= Beginning of Section =

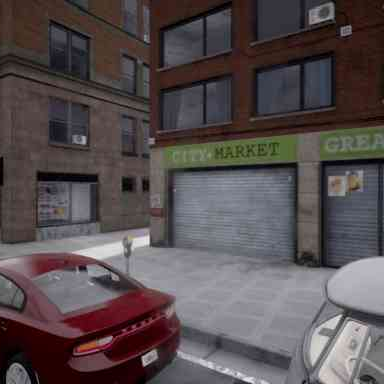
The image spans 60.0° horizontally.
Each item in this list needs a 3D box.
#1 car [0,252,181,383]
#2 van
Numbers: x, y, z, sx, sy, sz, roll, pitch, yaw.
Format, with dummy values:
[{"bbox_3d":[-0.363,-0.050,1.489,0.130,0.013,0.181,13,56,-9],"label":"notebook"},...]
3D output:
[{"bbox_3d":[-2.243,1.544,4.675,4.507,1.381,1.887,0,0,35],"label":"car"},{"bbox_3d":[2.366,1.341,1.389,3.998,1.788,1.690,0,0,35],"label":"van"}]
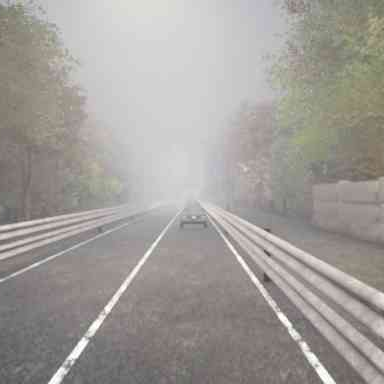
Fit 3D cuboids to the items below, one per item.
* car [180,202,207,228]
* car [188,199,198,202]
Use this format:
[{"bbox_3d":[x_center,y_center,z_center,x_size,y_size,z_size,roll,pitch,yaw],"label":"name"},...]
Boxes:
[{"bbox_3d":[0.101,1.656,23.312,2.033,1.411,5.357,0,-1,0],"label":"car"},{"bbox_3d":[0.104,1.842,49.441,2.097,1.767,4.553,0,-1,0],"label":"car"}]
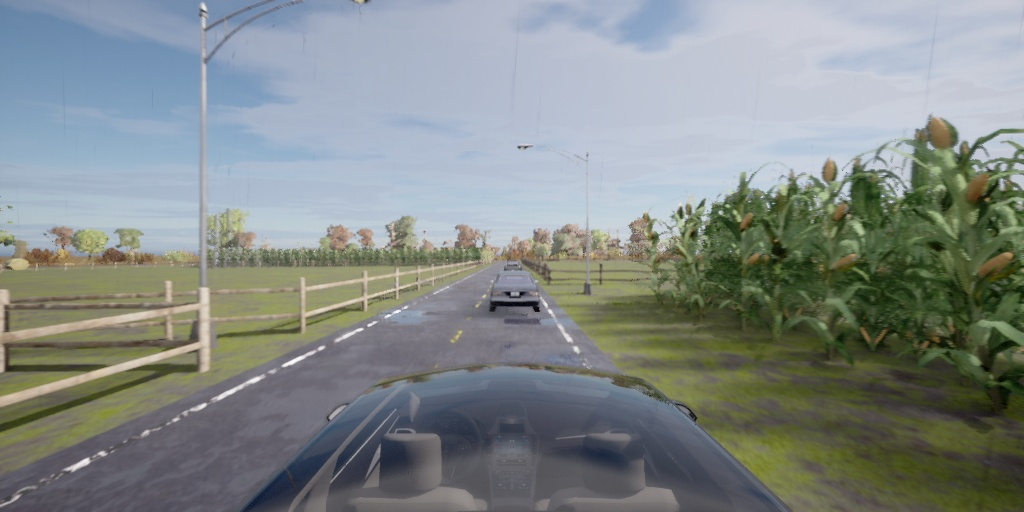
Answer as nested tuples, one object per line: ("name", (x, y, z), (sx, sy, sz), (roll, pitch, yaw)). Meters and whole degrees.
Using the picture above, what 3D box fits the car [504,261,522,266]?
("car", (0.102, 1.242, 37.323), (2.128, 1.511, 4.902), (0, 0, 0))

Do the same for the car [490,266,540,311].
("car", (0.099, 1.298, 14.344), (2.033, 1.411, 5.357), (0, 0, 0))
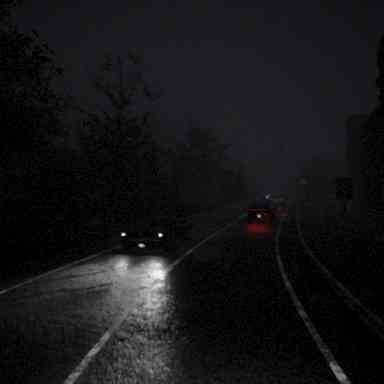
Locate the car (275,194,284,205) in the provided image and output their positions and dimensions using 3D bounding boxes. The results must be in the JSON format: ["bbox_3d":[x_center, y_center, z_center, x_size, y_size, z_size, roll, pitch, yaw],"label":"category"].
[{"bbox_3d":[10.499,0.954,41.559,1.895,1.301,4.718,-2,1,17],"label":"car"}]

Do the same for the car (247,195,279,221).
[{"bbox_3d":[5.325,1.309,25.190,1.837,1.490,4.892,-1,2,17],"label":"car"}]

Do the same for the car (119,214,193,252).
[{"bbox_3d":[-1.369,1.658,14.332,1.895,1.301,4.718,-1,0,13],"label":"car"}]
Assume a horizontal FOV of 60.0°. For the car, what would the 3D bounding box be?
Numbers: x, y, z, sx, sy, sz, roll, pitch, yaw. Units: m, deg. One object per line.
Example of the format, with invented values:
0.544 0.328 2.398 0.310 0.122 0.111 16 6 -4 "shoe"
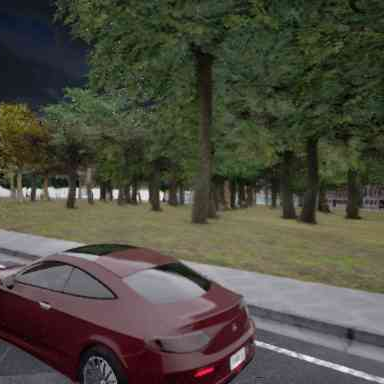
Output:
-1.409 1.473 4.696 4.674 1.442 1.812 1 1 36 "car"

= End of Section =

[EXERCISE BRIEF]:
Set down the complete material exactly, but do not include the images.

[SOLUTION FOR THIS EXERCISE]:
The image spans 60.0° horizontally.
Each item in this list needs a 3D box.
#1 car [0,252,181,383]
#2 van
Numbers: x, y, z, sx, sy, sz, roll, pitch, yaw.
Format, with dummy values:
[{"bbox_3d":[-0.363,-0.050,1.489,0.130,0.013,0.181,13,56,-9],"label":"notebook"},...]
3D output:
[{"bbox_3d":[-2.243,1.544,4.675,4.507,1.381,1.887,0,0,35],"label":"car"},{"bbox_3d":[2.366,1.341,1.389,3.998,1.788,1.690,0,0,35],"label":"van"}]
Fit 3D cuboids to the items below, one per item.
* car [180,202,207,228]
* car [188,199,198,202]
Use this format:
[{"bbox_3d":[x_center,y_center,z_center,x_size,y_size,z_size,roll,pitch,yaw],"label":"name"},...]
Boxes:
[{"bbox_3d":[0.101,1.656,23.312,2.033,1.411,5.357,0,-1,0],"label":"car"},{"bbox_3d":[0.104,1.842,49.441,2.097,1.767,4.553,0,-1,0],"label":"car"}]
Answer as nested tuples, one object per line: ("name", (x, y, z), (sx, sy, sz), (roll, pitch, yaw)). Meters and whole degrees.
Using the picture above, what 3D box fits the car [504,261,522,266]?
("car", (0.102, 1.242, 37.323), (2.128, 1.511, 4.902), (0, 0, 0))

Do the same for the car [490,266,540,311].
("car", (0.099, 1.298, 14.344), (2.033, 1.411, 5.357), (0, 0, 0))
Locate the car (275,194,284,205) in the provided image and output their positions and dimensions using 3D bounding boxes. The results must be in the JSON format: ["bbox_3d":[x_center, y_center, z_center, x_size, y_size, z_size, roll, pitch, yaw],"label":"category"].
[{"bbox_3d":[10.499,0.954,41.559,1.895,1.301,4.718,-2,1,17],"label":"car"}]

Do the same for the car (247,195,279,221).
[{"bbox_3d":[5.325,1.309,25.190,1.837,1.490,4.892,-1,2,17],"label":"car"}]

Do the same for the car (119,214,193,252).
[{"bbox_3d":[-1.369,1.658,14.332,1.895,1.301,4.718,-1,0,13],"label":"car"}]
Assume a horizontal FOV of 60.0°. For the car, what would the 3D bounding box be?
Numbers: x, y, z, sx, sy, sz, roll, pitch, yaw. Units: m, deg. One object per line.
Example of the format, with invented values:
0.544 0.328 2.398 0.310 0.122 0.111 16 6 -4 "shoe"
Output:
-1.409 1.473 4.696 4.674 1.442 1.812 1 1 36 "car"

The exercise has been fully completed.